(Data shown Opens)

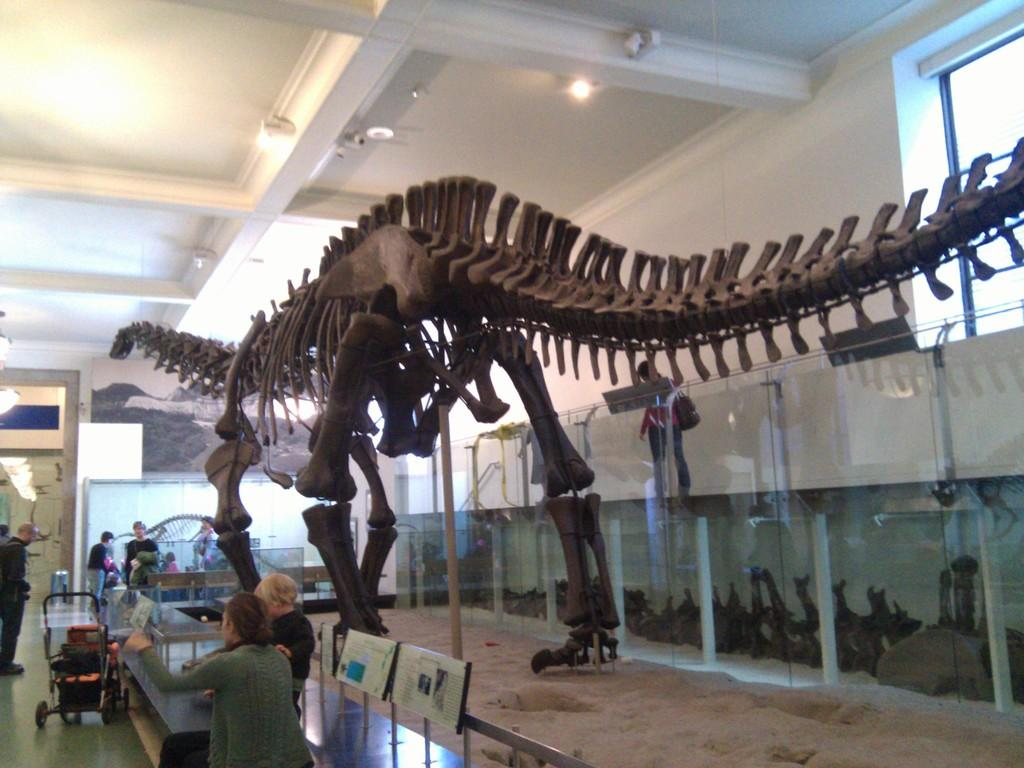What is the main subject of the image? The main subject of the image is a skeleton of an animal. Are there any people present in the image? Yes, there are people in the image. What type of structures can be seen in the image? There are boards, glass walls, windows, and a wall visible in the image. What other objects can be seen in the image? There are lights and a trolley present in the image. What type of sponge is being used to clean the animal's toe in the image? There is no sponge or cleaning activity involving an animal's toe present in the image. 
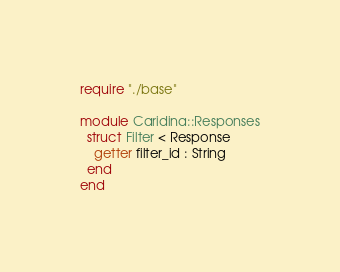Convert code to text. <code><loc_0><loc_0><loc_500><loc_500><_Crystal_>require "./base"

module Caridina::Responses
  struct Filter < Response
    getter filter_id : String
  end
end
</code> 
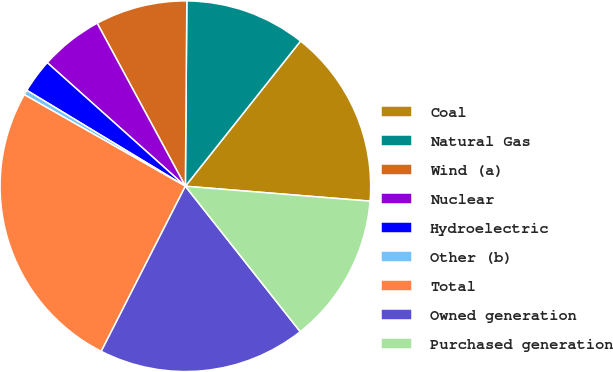<chart> <loc_0><loc_0><loc_500><loc_500><pie_chart><fcel>Coal<fcel>Natural Gas<fcel>Wind (a)<fcel>Nuclear<fcel>Hydroelectric<fcel>Other (b)<fcel>Total<fcel>Owned generation<fcel>Purchased generation<nl><fcel>15.61%<fcel>10.55%<fcel>8.02%<fcel>5.49%<fcel>2.96%<fcel>0.43%<fcel>25.73%<fcel>18.14%<fcel>13.08%<nl></chart> 
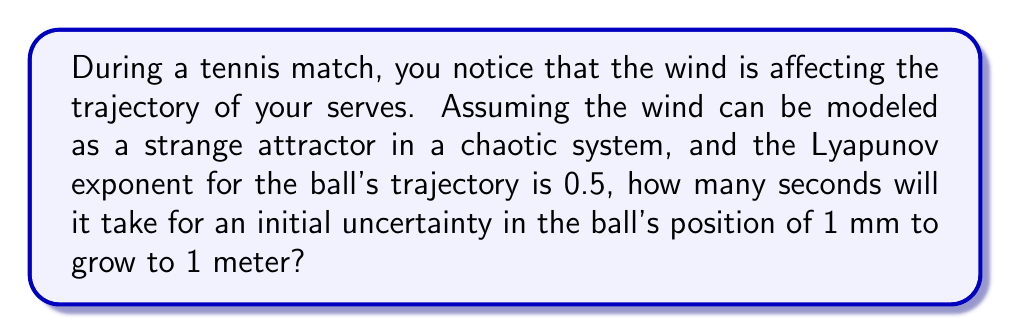Could you help me with this problem? To solve this problem, we'll use concepts from chaos theory and the properties of strange attractors. The key here is understanding how the Lyapunov exponent relates to the growth of uncertainty in a chaotic system.

Step 1: Understand the Lyapunov exponent
The Lyapunov exponent (λ) measures the rate at which nearby trajectories in a dynamical system diverge. In this case, λ = 0.5.

Step 2: Recall the formula for uncertainty growth
The growth of uncertainty in a chaotic system is given by:

$$ d(t) = d_0 e^{\lambda t} $$

Where:
$d(t)$ is the uncertainty at time $t$
$d_0$ is the initial uncertainty
$\lambda$ is the Lyapunov exponent
$t$ is time

Step 3: Set up the equation with given values
Initial uncertainty: $d_0 = 1$ mm = $10^{-3}$ m
Final uncertainty: $d(t) = 1$ m
Lyapunov exponent: $λ = 0.5$

$$ 1 = 10^{-3} e^{0.5t} $$

Step 4: Solve for t
Divide both sides by $10^{-3}$:
$$ 10^3 = e^{0.5t} $$

Take the natural log of both sides:
$$ \ln(10^3) = 0.5t $$

$$ \frac{\ln(10^3)}{0.5} = t $$

$$ t = \frac{\ln(1000)}{0.5} \approx 13.86 \text{ seconds} $$

Therefore, it will take approximately 13.86 seconds for the uncertainty to grow from 1 mm to 1 meter.
Answer: 13.86 seconds 
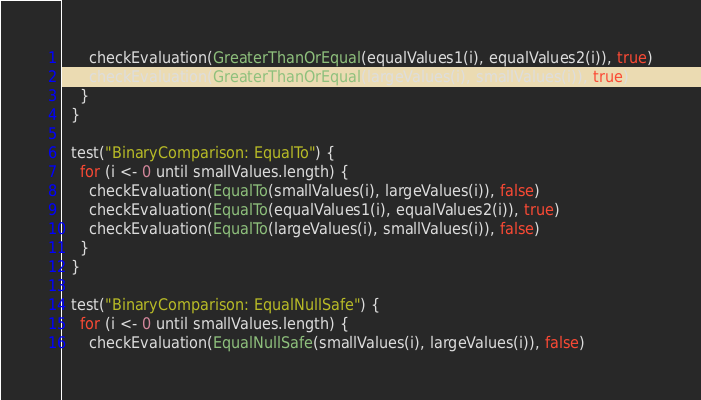<code> <loc_0><loc_0><loc_500><loc_500><_Scala_>      checkEvaluation(GreaterThanOrEqual(equalValues1(i), equalValues2(i)), true)
      checkEvaluation(GreaterThanOrEqual(largeValues(i), smallValues(i)), true)
    }
  }

  test("BinaryComparison: EqualTo") {
    for (i <- 0 until smallValues.length) {
      checkEvaluation(EqualTo(smallValues(i), largeValues(i)), false)
      checkEvaluation(EqualTo(equalValues1(i), equalValues2(i)), true)
      checkEvaluation(EqualTo(largeValues(i), smallValues(i)), false)
    }
  }

  test("BinaryComparison: EqualNullSafe") {
    for (i <- 0 until smallValues.length) {
      checkEvaluation(EqualNullSafe(smallValues(i), largeValues(i)), false)</code> 
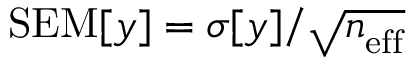Convert formula to latex. <formula><loc_0><loc_0><loc_500><loc_500>S E M [ y ] = \sigma [ y ] / \sqrt { n _ { e f f } }</formula> 
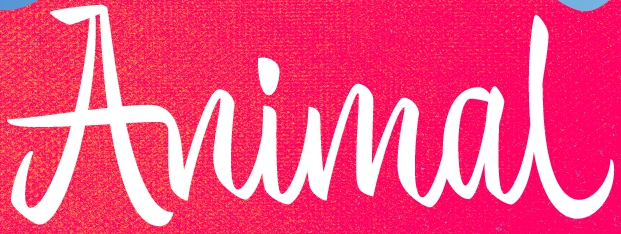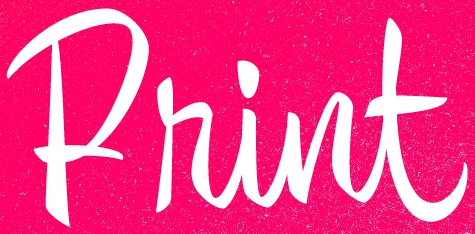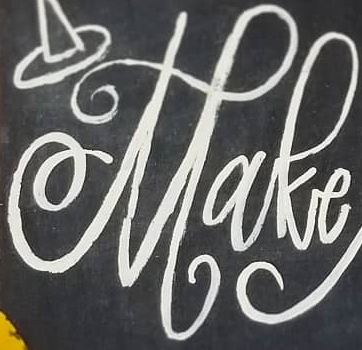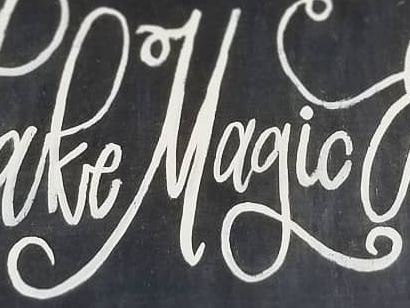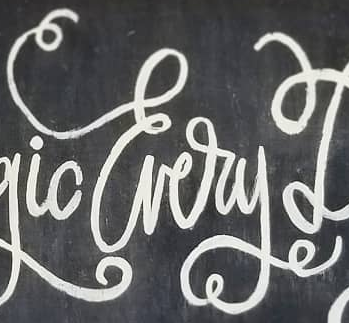Identify the words shown in these images in order, separated by a semicolon. Animal; Print; Make; Magic; Every

(Data shown Closes)

_Exercise brief_. A word-for-word repetition of the data above, without pictures, is the expected answer.

_Written answer_.
What is the main subject of the image? The main subject of the image is a skeleton of an animal. Are there any people present in the image? Yes, there are people in the image. What type of structures can be seen in the image? There are boards, glass walls, windows, and a wall visible in the image. What other objects can be seen in the image? There are lights and a trolley present in the image. What type of sponge is being used to clean the animal's toe in the image? There is no sponge or cleaning activity involving an animal's toe present in the image. 
Convert code to text. <code><loc_0><loc_0><loc_500><loc_500><_Crystal_>require "./base"

module Caridina::Responses
  struct Filter < Response
    getter filter_id : String
  end
end
</code> 
<chart> <loc_0><loc_0><loc_500><loc_500><pie_chart><fcel>Coal<fcel>Natural Gas<fcel>Wind (a)<fcel>Nuclear<fcel>Hydroelectric<fcel>Other (b)<fcel>Total<fcel>Owned generation<fcel>Purchased generation<nl><fcel>15.61%<fcel>10.55%<fcel>8.02%<fcel>5.49%<fcel>2.96%<fcel>0.43%<fcel>25.73%<fcel>18.14%<fcel>13.08%<nl></chart> 
Could you help me with this problem? To solve this problem, we'll use concepts from chaos theory and the properties of strange attractors. The key here is understanding how the Lyapunov exponent relates to the growth of uncertainty in a chaotic system.

Step 1: Understand the Lyapunov exponent
The Lyapunov exponent (λ) measures the rate at which nearby trajectories in a dynamical system diverge. In this case, λ = 0.5.

Step 2: Recall the formula for uncertainty growth
The growth of uncertainty in a chaotic system is given by:

$$ d(t) = d_0 e^{\lambda t} $$

Where:
$d(t)$ is the uncertainty at time $t$
$d_0$ is the initial uncertainty
$\lambda$ is the Lyapunov exponent
$t$ is time

Step 3: Set up the equation with given values
Initial uncertainty: $d_0 = 1$ mm = $10^{-3}$ m
Final uncertainty: $d(t) = 1$ m
Lyapunov exponent: $λ = 0.5$

$$ 1 = 10^{-3} e^{0.5t} $$

Step 4: Solve for t
Divide both sides by $10^{-3}$:
$$ 10^3 = e^{0.5t} $$

Take the natural log of both sides:
$$ \ln(10^3) = 0.5t $$

$$ \frac{\ln(10^3)}{0.5} = t $$

$$ t = \frac{\ln(1000)}{0.5} \approx 13.86 \text{ seconds} $$

Therefore, it will take approximately 13.86 seconds for the uncertainty to grow from 1 mm to 1 meter.
Answer: 13.86 seconds 
<code> <loc_0><loc_0><loc_500><loc_500><_Scala_>      checkEvaluation(GreaterThanOrEqual(equalValues1(i), equalValues2(i)), true)
      checkEvaluation(GreaterThanOrEqual(largeValues(i), smallValues(i)), true)
    }
  }

  test("BinaryComparison: EqualTo") {
    for (i <- 0 until smallValues.length) {
      checkEvaluation(EqualTo(smallValues(i), largeValues(i)), false)
      checkEvaluation(EqualTo(equalValues1(i), equalValues2(i)), true)
      checkEvaluation(EqualTo(largeValues(i), smallValues(i)), false)
    }
  }

  test("BinaryComparison: EqualNullSafe") {
    for (i <- 0 until smallValues.length) {
      checkEvaluation(EqualNullSafe(smallValues(i), largeValues(i)), false)</code> 
Convert formula to latex. <formula><loc_0><loc_0><loc_500><loc_500>S E M [ y ] = \sigma [ y ] / \sqrt { n _ { e f f } }</formula> 
Identify the words shown in these images in order, separated by a semicolon. Animal; Print; Make; Magic; Every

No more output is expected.